Copy each line of the listing that includes "enclosed".

####################

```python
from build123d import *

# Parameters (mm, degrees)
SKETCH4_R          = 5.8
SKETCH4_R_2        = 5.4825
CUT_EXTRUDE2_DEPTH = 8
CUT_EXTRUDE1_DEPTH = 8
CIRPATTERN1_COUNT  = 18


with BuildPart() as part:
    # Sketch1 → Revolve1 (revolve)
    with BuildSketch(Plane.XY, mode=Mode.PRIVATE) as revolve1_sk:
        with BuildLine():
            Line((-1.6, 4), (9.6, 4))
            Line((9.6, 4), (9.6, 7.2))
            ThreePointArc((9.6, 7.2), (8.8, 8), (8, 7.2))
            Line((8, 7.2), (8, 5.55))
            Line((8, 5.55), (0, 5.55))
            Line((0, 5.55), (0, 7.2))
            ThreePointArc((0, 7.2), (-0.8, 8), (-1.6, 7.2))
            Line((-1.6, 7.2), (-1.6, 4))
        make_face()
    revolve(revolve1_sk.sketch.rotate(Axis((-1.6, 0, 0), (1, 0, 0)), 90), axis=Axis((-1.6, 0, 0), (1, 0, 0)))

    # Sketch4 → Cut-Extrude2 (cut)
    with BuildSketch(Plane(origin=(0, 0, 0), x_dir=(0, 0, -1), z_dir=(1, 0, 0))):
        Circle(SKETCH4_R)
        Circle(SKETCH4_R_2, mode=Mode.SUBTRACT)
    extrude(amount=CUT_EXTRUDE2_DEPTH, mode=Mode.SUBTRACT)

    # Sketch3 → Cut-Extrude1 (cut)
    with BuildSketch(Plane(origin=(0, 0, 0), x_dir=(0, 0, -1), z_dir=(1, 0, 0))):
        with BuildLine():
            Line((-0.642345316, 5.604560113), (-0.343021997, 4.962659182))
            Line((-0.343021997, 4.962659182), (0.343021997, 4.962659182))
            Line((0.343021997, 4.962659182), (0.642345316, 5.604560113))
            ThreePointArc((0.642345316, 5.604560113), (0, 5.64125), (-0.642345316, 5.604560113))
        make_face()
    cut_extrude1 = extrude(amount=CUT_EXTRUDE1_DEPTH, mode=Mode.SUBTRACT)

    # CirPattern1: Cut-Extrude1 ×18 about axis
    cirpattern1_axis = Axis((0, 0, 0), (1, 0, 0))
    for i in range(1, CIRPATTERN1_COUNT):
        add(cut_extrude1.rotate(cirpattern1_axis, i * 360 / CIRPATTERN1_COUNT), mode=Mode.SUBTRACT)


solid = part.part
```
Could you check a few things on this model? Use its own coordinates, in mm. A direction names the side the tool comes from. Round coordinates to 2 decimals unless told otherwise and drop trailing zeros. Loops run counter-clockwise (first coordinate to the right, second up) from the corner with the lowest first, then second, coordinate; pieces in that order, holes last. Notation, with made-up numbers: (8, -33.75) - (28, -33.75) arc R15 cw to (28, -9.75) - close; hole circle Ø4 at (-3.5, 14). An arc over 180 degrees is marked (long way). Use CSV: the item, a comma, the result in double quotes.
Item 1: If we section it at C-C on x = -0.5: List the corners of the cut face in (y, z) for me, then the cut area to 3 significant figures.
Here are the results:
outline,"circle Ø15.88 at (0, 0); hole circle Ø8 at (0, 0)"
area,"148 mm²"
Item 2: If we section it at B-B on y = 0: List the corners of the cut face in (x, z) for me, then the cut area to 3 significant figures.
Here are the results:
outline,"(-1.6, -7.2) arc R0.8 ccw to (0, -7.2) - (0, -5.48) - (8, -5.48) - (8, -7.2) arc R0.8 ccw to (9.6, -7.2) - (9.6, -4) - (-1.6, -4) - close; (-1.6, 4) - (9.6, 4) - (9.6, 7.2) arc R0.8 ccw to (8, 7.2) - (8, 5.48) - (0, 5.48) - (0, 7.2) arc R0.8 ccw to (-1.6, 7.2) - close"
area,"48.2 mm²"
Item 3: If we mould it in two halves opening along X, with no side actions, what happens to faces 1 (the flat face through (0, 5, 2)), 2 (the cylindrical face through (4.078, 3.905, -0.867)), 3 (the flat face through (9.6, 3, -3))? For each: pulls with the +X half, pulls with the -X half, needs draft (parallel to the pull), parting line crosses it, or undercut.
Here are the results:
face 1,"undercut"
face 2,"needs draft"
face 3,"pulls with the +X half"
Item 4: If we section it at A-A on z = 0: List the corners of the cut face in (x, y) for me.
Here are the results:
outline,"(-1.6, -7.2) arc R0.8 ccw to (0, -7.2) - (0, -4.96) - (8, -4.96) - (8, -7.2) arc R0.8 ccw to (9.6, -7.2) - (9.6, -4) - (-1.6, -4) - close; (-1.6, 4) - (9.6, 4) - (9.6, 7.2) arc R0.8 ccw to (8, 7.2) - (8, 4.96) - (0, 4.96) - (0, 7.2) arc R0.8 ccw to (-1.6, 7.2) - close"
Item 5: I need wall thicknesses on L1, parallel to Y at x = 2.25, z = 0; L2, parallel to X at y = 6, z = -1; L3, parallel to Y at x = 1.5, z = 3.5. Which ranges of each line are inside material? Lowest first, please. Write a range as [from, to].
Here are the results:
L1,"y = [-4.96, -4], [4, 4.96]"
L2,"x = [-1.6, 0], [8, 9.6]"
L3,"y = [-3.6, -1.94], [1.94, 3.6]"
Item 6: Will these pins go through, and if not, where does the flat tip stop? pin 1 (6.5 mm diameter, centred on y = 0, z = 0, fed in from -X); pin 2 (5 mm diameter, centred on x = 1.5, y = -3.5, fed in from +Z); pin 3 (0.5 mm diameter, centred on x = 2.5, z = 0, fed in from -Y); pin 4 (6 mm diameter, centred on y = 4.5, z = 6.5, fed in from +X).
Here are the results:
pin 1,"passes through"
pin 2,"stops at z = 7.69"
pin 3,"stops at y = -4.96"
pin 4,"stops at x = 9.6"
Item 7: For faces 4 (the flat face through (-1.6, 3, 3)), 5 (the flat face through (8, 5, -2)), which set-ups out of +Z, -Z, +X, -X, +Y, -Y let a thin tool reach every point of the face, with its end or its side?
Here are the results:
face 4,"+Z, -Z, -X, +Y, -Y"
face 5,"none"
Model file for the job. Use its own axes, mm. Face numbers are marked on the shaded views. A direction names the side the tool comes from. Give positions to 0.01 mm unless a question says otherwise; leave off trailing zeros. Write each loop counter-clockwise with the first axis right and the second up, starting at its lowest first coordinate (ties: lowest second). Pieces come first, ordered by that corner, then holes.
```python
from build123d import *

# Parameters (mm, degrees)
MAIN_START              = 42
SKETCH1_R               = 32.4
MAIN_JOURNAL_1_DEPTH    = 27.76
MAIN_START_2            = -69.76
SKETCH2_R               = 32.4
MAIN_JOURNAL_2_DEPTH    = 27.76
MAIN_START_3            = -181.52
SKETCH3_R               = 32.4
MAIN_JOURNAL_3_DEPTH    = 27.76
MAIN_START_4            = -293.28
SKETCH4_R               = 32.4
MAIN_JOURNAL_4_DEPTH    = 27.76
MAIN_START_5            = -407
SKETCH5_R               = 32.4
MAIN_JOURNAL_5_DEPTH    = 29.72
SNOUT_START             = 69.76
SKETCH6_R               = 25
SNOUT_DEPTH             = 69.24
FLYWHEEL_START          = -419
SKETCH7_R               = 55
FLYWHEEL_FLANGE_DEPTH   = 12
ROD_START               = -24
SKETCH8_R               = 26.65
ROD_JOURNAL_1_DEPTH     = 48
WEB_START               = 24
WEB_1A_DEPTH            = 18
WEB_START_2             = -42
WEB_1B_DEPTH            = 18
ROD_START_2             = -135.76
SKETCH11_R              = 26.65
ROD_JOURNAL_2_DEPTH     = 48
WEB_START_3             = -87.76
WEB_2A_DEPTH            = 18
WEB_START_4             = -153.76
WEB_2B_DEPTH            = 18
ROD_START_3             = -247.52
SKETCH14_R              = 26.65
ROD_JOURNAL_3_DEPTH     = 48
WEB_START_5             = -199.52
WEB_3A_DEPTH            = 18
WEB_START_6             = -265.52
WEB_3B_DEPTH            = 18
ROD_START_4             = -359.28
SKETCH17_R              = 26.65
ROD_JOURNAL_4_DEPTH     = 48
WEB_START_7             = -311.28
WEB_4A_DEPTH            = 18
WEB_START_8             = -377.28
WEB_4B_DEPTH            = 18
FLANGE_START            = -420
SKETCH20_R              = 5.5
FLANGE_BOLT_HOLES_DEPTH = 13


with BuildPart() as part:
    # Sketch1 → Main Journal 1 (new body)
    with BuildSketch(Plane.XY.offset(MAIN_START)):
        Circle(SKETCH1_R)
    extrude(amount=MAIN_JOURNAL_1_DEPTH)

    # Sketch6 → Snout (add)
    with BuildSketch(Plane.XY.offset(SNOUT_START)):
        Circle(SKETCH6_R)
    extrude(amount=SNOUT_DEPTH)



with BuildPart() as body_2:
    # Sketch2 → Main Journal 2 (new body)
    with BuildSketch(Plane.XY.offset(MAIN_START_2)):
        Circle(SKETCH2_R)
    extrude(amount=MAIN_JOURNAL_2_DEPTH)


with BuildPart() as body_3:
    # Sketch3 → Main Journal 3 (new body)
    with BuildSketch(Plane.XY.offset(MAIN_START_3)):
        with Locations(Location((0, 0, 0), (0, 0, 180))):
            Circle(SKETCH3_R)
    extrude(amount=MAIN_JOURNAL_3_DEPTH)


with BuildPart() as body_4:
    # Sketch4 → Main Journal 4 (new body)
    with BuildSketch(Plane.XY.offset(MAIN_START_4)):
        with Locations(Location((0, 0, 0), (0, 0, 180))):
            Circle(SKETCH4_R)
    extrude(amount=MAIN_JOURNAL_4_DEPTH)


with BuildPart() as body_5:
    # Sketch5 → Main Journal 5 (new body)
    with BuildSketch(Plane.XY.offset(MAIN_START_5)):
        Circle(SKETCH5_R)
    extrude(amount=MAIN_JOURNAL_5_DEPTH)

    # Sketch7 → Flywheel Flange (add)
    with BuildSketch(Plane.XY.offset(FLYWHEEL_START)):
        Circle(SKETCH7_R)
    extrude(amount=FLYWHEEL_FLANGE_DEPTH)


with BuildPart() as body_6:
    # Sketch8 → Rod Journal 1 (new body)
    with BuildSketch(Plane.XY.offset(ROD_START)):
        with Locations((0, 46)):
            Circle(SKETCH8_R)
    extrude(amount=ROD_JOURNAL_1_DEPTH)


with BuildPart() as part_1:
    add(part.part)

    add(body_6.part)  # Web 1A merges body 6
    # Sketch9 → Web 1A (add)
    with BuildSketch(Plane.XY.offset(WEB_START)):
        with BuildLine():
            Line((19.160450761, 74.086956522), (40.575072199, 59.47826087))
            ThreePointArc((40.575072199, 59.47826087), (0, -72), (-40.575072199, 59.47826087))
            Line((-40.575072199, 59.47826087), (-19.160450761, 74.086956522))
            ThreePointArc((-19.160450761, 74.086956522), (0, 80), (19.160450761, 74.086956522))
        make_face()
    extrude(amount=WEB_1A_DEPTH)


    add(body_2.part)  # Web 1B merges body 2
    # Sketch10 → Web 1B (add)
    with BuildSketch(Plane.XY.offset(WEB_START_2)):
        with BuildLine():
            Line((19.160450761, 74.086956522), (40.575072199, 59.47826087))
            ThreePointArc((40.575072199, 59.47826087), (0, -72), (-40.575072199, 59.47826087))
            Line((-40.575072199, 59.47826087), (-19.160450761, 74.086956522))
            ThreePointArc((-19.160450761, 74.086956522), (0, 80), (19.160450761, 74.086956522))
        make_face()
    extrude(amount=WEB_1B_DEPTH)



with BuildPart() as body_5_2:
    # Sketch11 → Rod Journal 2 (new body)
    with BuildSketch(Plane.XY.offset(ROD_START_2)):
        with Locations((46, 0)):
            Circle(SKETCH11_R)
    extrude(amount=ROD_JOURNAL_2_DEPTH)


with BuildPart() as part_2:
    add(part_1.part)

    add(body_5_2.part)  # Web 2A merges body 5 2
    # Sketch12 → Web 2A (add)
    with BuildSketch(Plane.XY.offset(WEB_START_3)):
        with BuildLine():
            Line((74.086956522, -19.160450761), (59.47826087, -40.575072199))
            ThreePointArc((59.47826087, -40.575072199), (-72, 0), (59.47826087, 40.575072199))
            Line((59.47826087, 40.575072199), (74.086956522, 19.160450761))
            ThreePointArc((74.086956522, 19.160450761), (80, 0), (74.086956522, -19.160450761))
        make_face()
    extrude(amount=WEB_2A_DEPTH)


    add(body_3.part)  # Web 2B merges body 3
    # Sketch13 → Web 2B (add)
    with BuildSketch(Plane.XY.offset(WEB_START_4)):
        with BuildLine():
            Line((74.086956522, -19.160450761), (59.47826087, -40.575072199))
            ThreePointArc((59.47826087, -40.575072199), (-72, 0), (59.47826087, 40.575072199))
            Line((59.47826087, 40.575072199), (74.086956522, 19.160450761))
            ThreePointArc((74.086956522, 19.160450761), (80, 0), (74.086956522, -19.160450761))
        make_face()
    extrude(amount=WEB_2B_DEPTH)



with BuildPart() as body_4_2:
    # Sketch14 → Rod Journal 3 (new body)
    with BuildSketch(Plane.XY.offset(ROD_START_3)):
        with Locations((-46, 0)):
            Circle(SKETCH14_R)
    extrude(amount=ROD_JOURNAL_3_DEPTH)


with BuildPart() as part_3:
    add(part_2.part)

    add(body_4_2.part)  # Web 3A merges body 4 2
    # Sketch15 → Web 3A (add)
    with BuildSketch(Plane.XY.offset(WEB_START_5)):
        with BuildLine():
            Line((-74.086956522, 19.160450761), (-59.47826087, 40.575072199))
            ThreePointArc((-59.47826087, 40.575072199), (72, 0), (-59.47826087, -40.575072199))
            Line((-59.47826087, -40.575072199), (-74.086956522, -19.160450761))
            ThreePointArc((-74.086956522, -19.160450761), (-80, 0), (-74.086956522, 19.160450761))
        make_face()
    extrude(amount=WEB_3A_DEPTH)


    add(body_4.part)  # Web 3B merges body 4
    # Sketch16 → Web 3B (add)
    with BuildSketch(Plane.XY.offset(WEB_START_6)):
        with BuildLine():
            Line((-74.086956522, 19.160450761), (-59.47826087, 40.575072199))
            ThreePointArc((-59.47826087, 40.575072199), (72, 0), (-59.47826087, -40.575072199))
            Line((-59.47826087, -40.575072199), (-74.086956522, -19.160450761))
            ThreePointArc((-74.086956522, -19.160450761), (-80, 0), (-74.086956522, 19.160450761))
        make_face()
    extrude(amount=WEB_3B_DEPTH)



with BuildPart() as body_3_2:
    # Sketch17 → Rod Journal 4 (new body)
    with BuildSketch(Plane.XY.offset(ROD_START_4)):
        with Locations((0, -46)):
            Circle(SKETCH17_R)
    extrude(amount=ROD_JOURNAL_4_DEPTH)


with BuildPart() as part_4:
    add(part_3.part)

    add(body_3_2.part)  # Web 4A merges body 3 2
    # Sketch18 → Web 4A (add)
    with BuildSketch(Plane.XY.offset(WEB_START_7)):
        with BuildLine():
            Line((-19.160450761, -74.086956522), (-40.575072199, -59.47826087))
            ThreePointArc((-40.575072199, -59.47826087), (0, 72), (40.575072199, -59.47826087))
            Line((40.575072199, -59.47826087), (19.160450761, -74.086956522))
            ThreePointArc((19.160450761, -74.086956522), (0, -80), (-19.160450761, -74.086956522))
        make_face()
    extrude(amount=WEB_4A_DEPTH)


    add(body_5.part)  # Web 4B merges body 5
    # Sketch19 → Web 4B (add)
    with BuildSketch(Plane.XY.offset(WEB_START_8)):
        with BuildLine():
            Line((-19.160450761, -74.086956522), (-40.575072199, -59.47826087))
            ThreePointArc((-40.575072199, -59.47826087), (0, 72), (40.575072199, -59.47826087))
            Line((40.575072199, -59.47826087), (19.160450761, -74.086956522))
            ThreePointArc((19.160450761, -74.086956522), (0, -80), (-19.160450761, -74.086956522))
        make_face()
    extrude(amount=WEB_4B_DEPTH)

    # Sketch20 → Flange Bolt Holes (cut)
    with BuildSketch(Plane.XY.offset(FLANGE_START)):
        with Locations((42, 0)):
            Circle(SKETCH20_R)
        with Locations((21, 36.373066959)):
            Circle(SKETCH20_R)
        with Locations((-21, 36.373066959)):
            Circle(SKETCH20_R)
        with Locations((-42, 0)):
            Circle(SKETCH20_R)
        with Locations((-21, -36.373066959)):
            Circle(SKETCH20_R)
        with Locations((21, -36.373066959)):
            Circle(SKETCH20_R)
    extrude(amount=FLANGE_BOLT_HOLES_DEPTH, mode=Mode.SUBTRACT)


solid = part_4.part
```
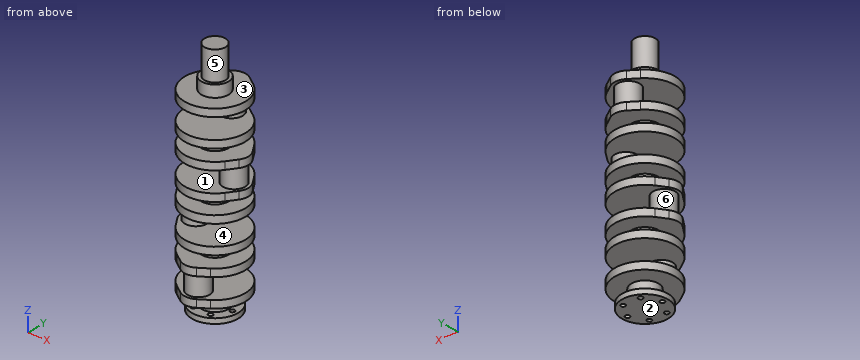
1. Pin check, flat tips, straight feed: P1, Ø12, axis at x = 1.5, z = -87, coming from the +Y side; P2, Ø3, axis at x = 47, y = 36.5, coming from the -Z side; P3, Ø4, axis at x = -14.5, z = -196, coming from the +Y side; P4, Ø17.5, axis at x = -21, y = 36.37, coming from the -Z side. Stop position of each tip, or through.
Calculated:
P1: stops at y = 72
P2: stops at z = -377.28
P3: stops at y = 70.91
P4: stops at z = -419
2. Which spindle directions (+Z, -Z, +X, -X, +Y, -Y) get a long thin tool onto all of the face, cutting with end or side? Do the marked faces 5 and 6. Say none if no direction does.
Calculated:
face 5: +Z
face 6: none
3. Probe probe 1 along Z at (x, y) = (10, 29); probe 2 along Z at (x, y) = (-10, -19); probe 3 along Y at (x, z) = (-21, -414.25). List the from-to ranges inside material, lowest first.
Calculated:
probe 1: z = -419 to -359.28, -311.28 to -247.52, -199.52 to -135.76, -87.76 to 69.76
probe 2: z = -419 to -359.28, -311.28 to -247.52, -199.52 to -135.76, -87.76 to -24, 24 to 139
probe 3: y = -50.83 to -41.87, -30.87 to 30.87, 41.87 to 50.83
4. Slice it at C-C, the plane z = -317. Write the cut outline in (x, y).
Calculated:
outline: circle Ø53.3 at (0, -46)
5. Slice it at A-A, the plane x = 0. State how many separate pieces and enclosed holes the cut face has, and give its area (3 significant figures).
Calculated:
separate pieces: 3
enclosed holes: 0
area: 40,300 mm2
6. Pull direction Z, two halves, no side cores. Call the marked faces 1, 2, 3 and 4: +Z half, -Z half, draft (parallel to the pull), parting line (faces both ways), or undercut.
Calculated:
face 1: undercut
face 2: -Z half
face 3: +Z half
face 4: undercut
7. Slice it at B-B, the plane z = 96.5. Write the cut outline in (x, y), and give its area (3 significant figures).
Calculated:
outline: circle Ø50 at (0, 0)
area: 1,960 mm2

####################

### Solution to the exercise
5. Slice it at A-A, the plane x = 0. State how many separate pieces and enclosed holes the cut face has, and give its area (3 significant figures).
enclosed holes: 0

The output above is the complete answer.